Lastly, for Section C short essays, students should not spend more than 45 minutes. “For students who aim high, the essay part is the key … And if one can score eight or nine marks, they are already at the 5** level,” he said.
Chan noted that most candidates have a good knowledge base but lack the skills to express it. “All too often, students don’t know how to write a good topic sentence and neglect [the importance of] examples.”
He reminds students to understand the types of questions and write updated and concrete examples, which should include time, year, name, and a brief summary of the incident. “There is no need to write too long for each point; instead one should try to present diverse angles and perspectives.”
Comprising 25 per cent of the total grade, Paper 2 includes Section D, one data/skill-based/structured question, and Section E, one short essay. Students are given 1 hour and 15 minutes.
Chan suggests candidates finish Section D within 30 minutes and spend up to 40 minutes on the short essay part. “Since the time is not that flexible [compared to Paper 1], students should not seek perfection. If you have written all the required elements [in your answer], you should move on to the next points.”
Noticing some students mistakenly thought that the chapters that had been covered in the past years would not appear again, Chan reminds students to not make any predictions or assumptions on the topics.
“In fact, some topics have appeared for three consecutive years. So don’t guess which chapter would be used for DBQ or essay and don’t just study a few chapters. You should go through all the chapters if possible,” he noted.
Tips before D-Day
Create “exam conditions” by revising
Since the examination dates between each elective subject are very close, Chan said it’s normal for students to revise everything in the textbook but they should write at least five essays before the exam.

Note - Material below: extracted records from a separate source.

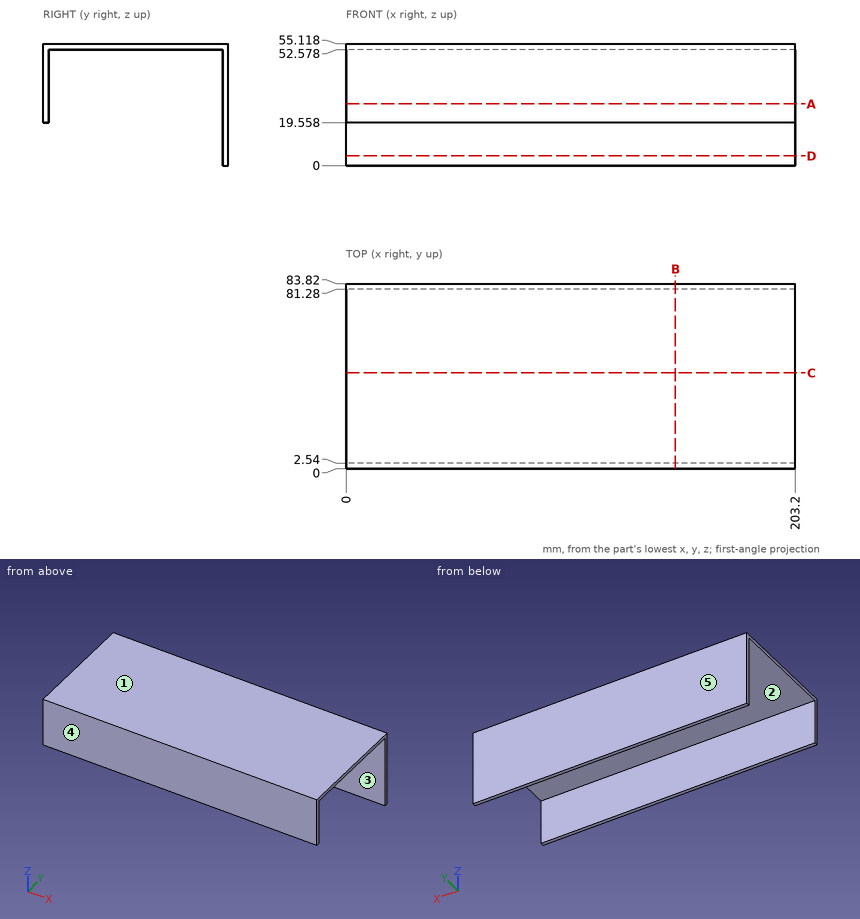
Print and shaded views of the part. All mm, measured from the part's lowest x, y and z. A direction names the side the tool comes from. Give positions to 0.01 mm unless a question says otherwise; leave off trailing zeros. Loops run counter-clockwise (first coordinate to the right, second up) from the corner with the lowest first, then second, coordinate; pieces in that order, holes last. Notation, with made-up numbers: (18.25, 22.5) - (50.25, 22.5) arc R33 ccw to (50.25, 50.5) - close; hole circle Ø2 at (56.5, -5). An arc over 180 degrees is marked (long way). Use a Markdown table: item, result.
(1) Band-saw the part on B-B (x = 149). Give the cut face in (y, z).
Taken from the geometry:
| item | result |
|---|---|
| outline | (0, 19.56) - (2.54, 19.56) - (2.54, 52.58) - (81.28, 52.58) - (81.28, 0) - (83.82, 0) - (83.82, 55.12) - (0, 55.12) - close |
(2) Band-saw the part on D-D (z = 4.5). Give the cut face in (x, y).
Taken from the geometry:
| item | result |
|---|---|
| outline | (0, 81.28) - (203.2, 81.28) - (203.2, 83.82) - (0, 83.82) - close |
(3) Band-saw the part on C-C (y = 43.5). Give the cut face in (x, z), and give its area (3 significant figures).
Taken from the geometry:
| item | result |
|---|---|
| outline | (0, 52.58) - (203.2, 52.58) - (203.2, 55.12) - (0, 55.12) - close |
| area | 516 mm2 |
(4) Pull direction Y, two halves, no side cores. Call the marked faces 3, 4 and 5: +Y half, -Y half, draft (parallel to the pull), parting line (faces both ways), or undercut.
Taken from the geometry:
| item | result |
|---|---|
| face 3 | undercut |
| face 4 | -Y half |
| face 5 | +Y half |
(5) Drop flat-ended pins along their axis: pin 1 Ø0.8 at (x, y) = (131, 1.5) entering from -Z; pin 2 Ø4 at (x, y) = (132.5, 48.5) entering from -Z; pin 3 Ø1.5 at (x, z) = (39.5, 8) entering from -Y. Give the stop position or say it passes through.
Taken from the geometry:
| item | result |
|---|---|
| pin 1 | z = 19.56 |
| pin 2 | z = 52.58 |
| pin 3 | y = 81.28 |
(6) Band-saw the part on A-A (z = 28). Give the cut face in (x, y).
Taken from the geometry:
| item | result |
|---|---|
| outline | (0, 0) - (203.2, 0) - (203.2, 2.54) - (0, 2.54) - close; (0, 81.28) - (203.2, 81.28) - (203.2, 83.82) - (0, 83.82) - close |
(7) Wall check: line 1 along Y through (x, z) = (43.5, 36.5); line 2 along Y through (x, z) = (97, 5.5); line 3 along Z through (x, y) = (96, 31). Give the ranges that are in metal, low to high.
Taken from the geometry:
| item | result |
|---|---|
| line 1 | 0 to 2.54, 81.28 to 83.82 |
| line 2 | 81.28 to 83.82 |
| line 3 | 52.58 to 55.12 |
(8) Which spindle directions (+Z, -Z, +X, -X, +Y, -Y) get a long thin tool onto all of the face, cutting with end or side? Do the marked faces 1 and 2. Say none if no direction does.
Taken from the geometry:
| item | result |
|---|---|
| face 1 | +Z, +X, -X, +Y, -Y |
| face 2 | -Z, +X, -X |
Autodesk Inventor part; units mm, degrees
ref_plane "YZ Plane" through (0, 0, 0) normal (1, 0, 0) x (0, 1, 0)
ref_plane "XZ Plane" through (0, 0, 0) normal (0, 1, 0) x (-1, 0, 0)
ref_plane "XY Plane" through (0, 0, 0) normal (0, 0, 1) x (1, 0, 0)
sketch "Эскиз1" plane through (0, 0, 0) normal (1, 0, 0) x (0, 1, 0)
  circle A0 centre (0, 0) radius 3.5
  dimension "d0" = 7
extrude "Выдавливание1" add sketch "Эскиз1" along normal blind 10
sketch "Эскиз2" plane through (0, 0, 0) normal (-1, 0, 0) x (0, 0, 1)
  circle A0 centre (0, 0) radius 0.6
  dimension "d3" = 1.2
extrude "Выдавливание2" add sketch "Эскиз2" along normal blind 1
sketch "Эскиз3" plane through (10, 0, 0) normal (1, 0, 0) x (0, 0, -1)
  circle A0 centre (0, 0) radius 0.6
  circle A1 centre (0, 0) radius 1.25
  dimension "d6" = 2.5
extrude "Выдавливание3" cut sketch "Эскиз3" against normal blind 8 contours A0 | A1
thread "Резьба1"
properties part number "Bush_Phase" material "Медь"
The listing builds one solid part. Answer for the finished solid, in the listing's coordinates (mm). A direction names the side the tool comes from. Coordinates: 2 decimals unless noted, no trailing zeros. Loops run counter-clockwise (first coordinate to the right, second up) from the corner with the lowest first, then second, coordinate; pieces in that order, holes last. Notation, with made-up numbers: (78, 20.5) -> (107, 20.5) arc R22 ccw to (107, 56.5) -> close; hole circle Ø3 at (78.25, -36.5). An arc over 180 degrees is marked (long way). Write item = value, one per line. Start each with the question number.
1) Straight lines are drawn through the part: line 1 (X direction, y = -1.75, z = -1.75); line 2 (X direction, y = -0.25, z = -0.25); line 3 (Z direction, x = 3.5, y = -0.25). For each, find the intervals that lie inside material, in ascending order. Write a range as from..to.
2) A cutting plane is placed at B-B (x = 0.25). Give the vertices of the cut face in (y, z), then the cut area to 3 significant figures.
3) Given pin 1 Ø3 at (x, z) = (0.5, 2) entering from -Y; pin 2 Ø2 at (x, z) = (2, 2) entering from +Y; pin 3 Ø2 at (x, z) = (8.5, 2.5) entering from +Y; pin 4 Ø4 at (y, z) = (0, 0) entering from +X, each flat-ended and moving along its own axis, determine where each tip first touches the part or whether it passes through.
4) A cutting plane is placed at A-A (z = 0). Give the vertices of the cut face in (x, y).
5) A cutting plane is placed at D-D (y = -1.5). Give the vertices of the cut face in (x, z).
6) A cutting plane is placed at C-C (x = 5.25). Give the vertices of the cut face in (y, z).
7) The mould has two halves that part along Z. Classify faces 1 (the face through (-1, 0, 0)), 2 (the face through (-0.493, -0.506, 0.323)), 3 (the face through (6.06, -1.22, 0.27)): released by +Z, released by -Z, zero draft, split by the parting line, or undercut.
8) A tool of negligible diameter and unlimited length cuts with its end or side. For faces 4 (the face through (4.93, 3.233, 1.341)), 5 (the face through (2, 0, 0)), from which of +Z, -Z, +X, -X, +Y, -Y can it reach the whole face along a straight path? Write none if from no direction.
Responses:
q1.line_1 = 0..10
q1.line_2 = -1..2
q1.line_3 = -3.49..-1.22, 1.22..3.49
q2.outline = circle Ø7 at (0, 0)
q2.area = 38.5 mm²
q3.pin_1 = -3.46
q3.pin_2 = 3.35
q3.pin_3 = 3.16
q3.pin_4 = 10
q4.outline = (-1, -0.6) -> (0, -0.6) -> (0, -3.5) -> (10, -3.5) -> (10, -1.25) -> (2, -1.25) -> (2, 1.25) -> (10, 1.25) -> (10, 3.5) -> (0, 3.5) -> (0, 0.6) -> (-1, 0.6) -> close
q5.outline = (0, -3.16) -> (10, -3.16) -> (10, 3.16) -> (0, 3.16) -> close
q6.outline = circle Ø7 at (0, 0); hole circle Ø2.5 at (0, 0)
q7.face_1 = zero draft
q7.face_2 = split by the parting line
q7.face_3 = undercut
q8.face_4 = +X, -X
q8.face_5 = +X

“For writing essays, students really need to have a certain kind of ‘condition’ and it’s very different from taking Chinese or maths exams. So you need to warm yourself up and familiarise yourself with the pattern of geography questions,” he said, adding that students should also practice their map reading skills by timing themselves when doing the exercises.
Chapters that students must study for Paper 2
Elective one: Dynamic Earth in Paper 2
Chan said a question on rocks should appear in the DBQ or essay. Therefore, students must be able to identify the three types of rock. There are four key things that students should know about rocks – their characteristics, formation process, distribution in Hong Kong and how it affects Hong Kong-related land forces.